By virtue of Section (l) of The Appellate Jurisdiction Act, the rules made thereunder are for regulating the practice and procedure of the Court of Appeal, with regard to appeals and, in connection with such appeal, for regulating the practice and procedure of the High Court.

Therefore, inasmuch as the appeal before me is one from the subordinate court, to the High Court, it follows that the court of Appeal Rules would be inapplicable thereto.

As counsel for the respondent submitted, appeals to the High Court are governed by Order 41 of the Civil Procedure Rules. Pursuant to rule IA of that Order, a certified copy of the decree or order appealed against, ought to be filed either with the memorandum of appeal or as soon thereafter as possible.

In KENYA SEED COMPANY LTD V ANNE CHANDAI, KITALE HCCA. NO.7 OF 2000, the Hon. Karanja J. held as follows;

“The decree or order appealed against must be filed and the same must be a certified copy. Failure to include a certified copy of the decree or order whether in an appeal before the High Court or the Court of Appeal renders the appeal incompetent and the same must be struck out.”

The learned judge then proceeded to strike out the appeal, as the record of appeal only contained an uncertified copy of the decree.

In the appeal before me, the original record of appeal had incorporated a copy of the decree which was not certified. I believe that it was after realizing that the said record of appeal stood the real risk of being struck out, that the appellant sought and was granted leave to file a supplementary record of appeal. The said supplementary record now incorporates a certified copy of the decree against which this appeal has been lodged.
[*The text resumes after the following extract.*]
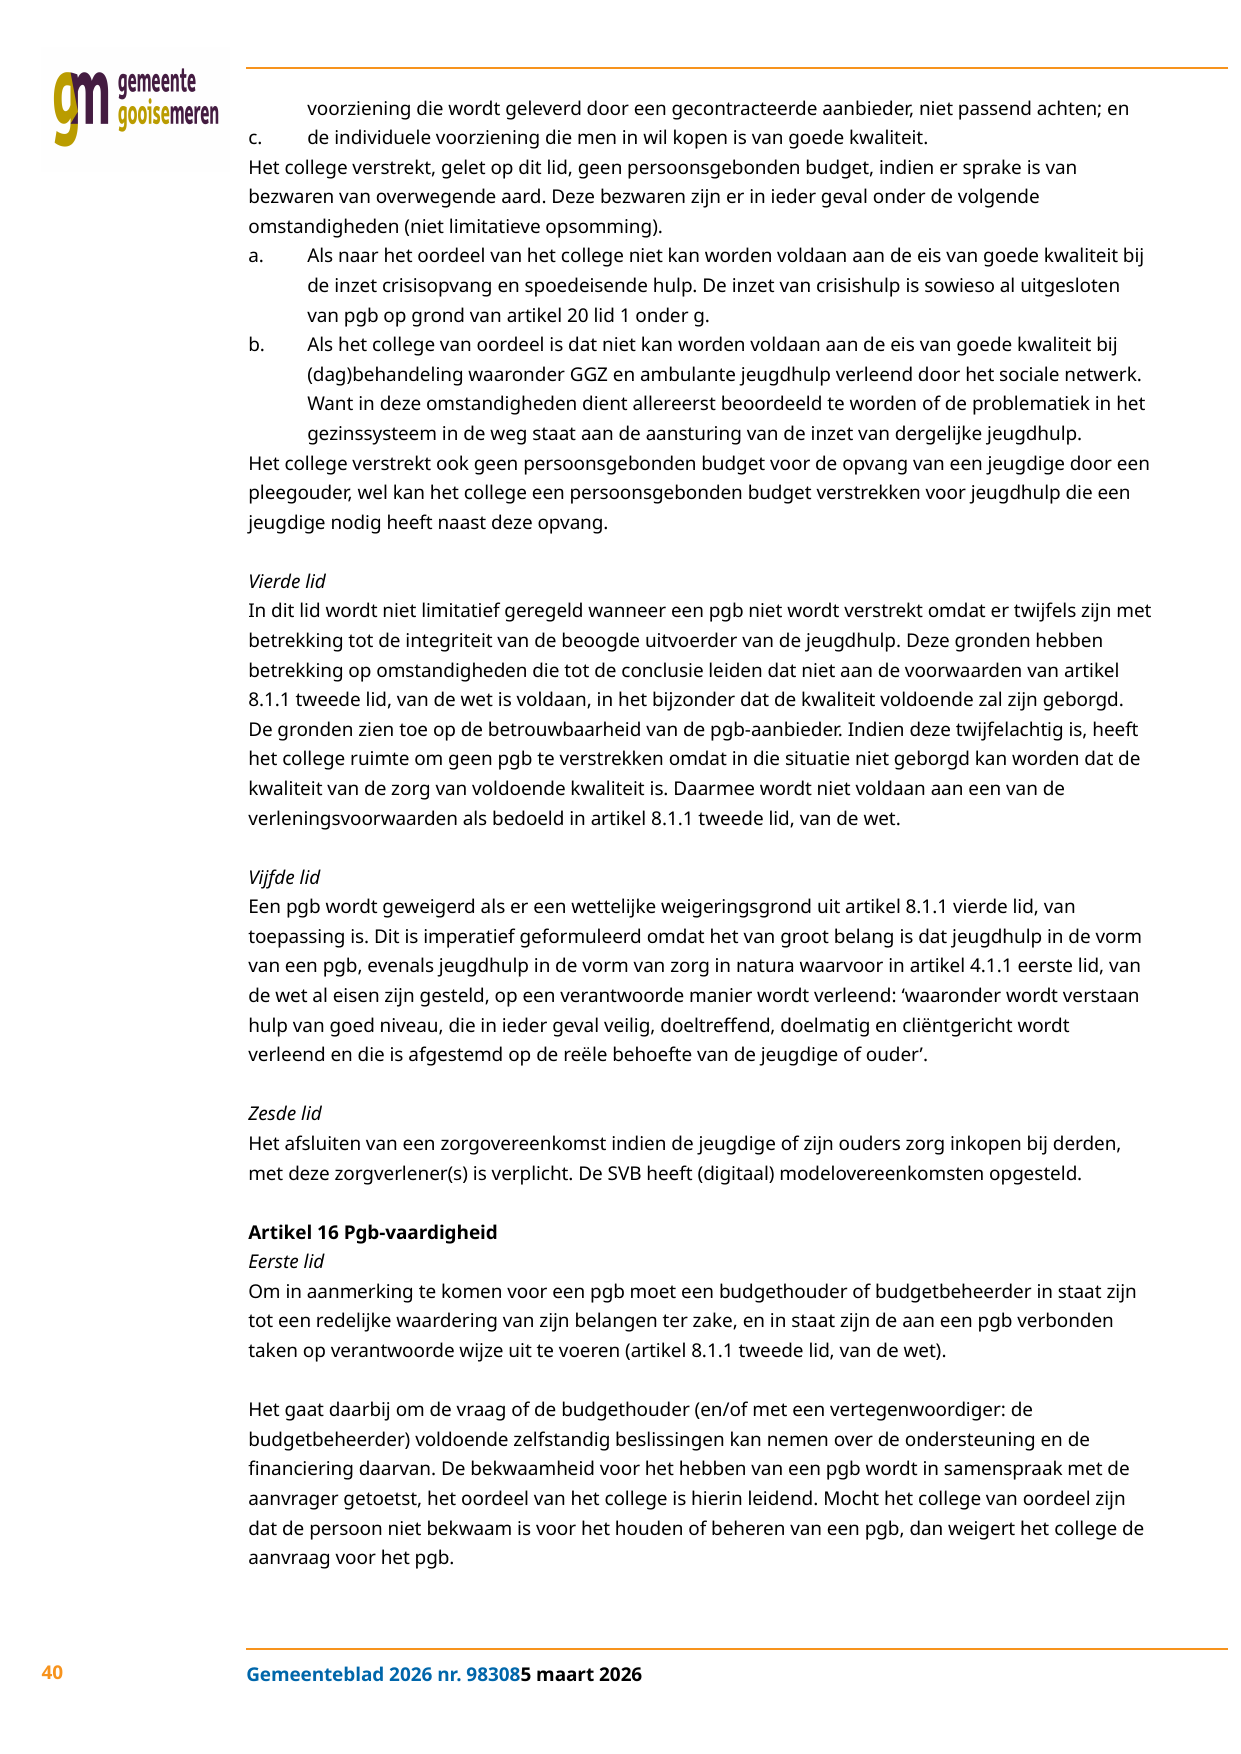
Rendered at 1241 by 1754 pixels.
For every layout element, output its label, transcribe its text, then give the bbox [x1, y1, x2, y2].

Following the introduction of the certified copy of the decree into the record of appeal, the appellant’s position was no longer comparable to that in KENYA SEED COMPANY LTD – V- ANNE CHANDAI (above-cited).

The record of the proceedings reveals that when the court did grant leave to the appellant to file the supplementary record of appeal, the respondent was able represented in court, by an advocate. The said advocate actually indicated that he was willing to indulge the appellant. I therefore find it strange that the respondent should now be taking issue with the supplementary record of appeal.

In any event, Order XLI rule IA of the Civil Procedure Rules stipulates that;

“where no certified copy of the decree or order appealed against is filed with the memorandum of appeal, the appellant shall file such certified copy as soon as possible and in any event within such time as the court may order, and the court need not consider whether to reject the appeal summarily under section 78B of the Act until such certified copy is filed.”

In my considered view, when the appellant filed the supplementary record of appeal, within 7 days of the order granting her leave to do so, she was complying with the provisions of rule 1A above. Accordingly, the appeal is competent and shall therefore not be struck out.

The second issue taken by the respondent was as regards the appellant’s contention that hers was a first registration of the title, to the suit property.

It was the respondent’s position that by producing only the title deed as evidence, the appellant failed to prove her assertion that she was the first registered proprietor.

In my consider view, the respondent has a valid point, because by virtue of Section 32 (2) of the Registered Land Act;

“A title deed or certificate of lease shall be only prima facie evidence of the matters shown therein, and the land or lease shall be subject to all entries in the register.”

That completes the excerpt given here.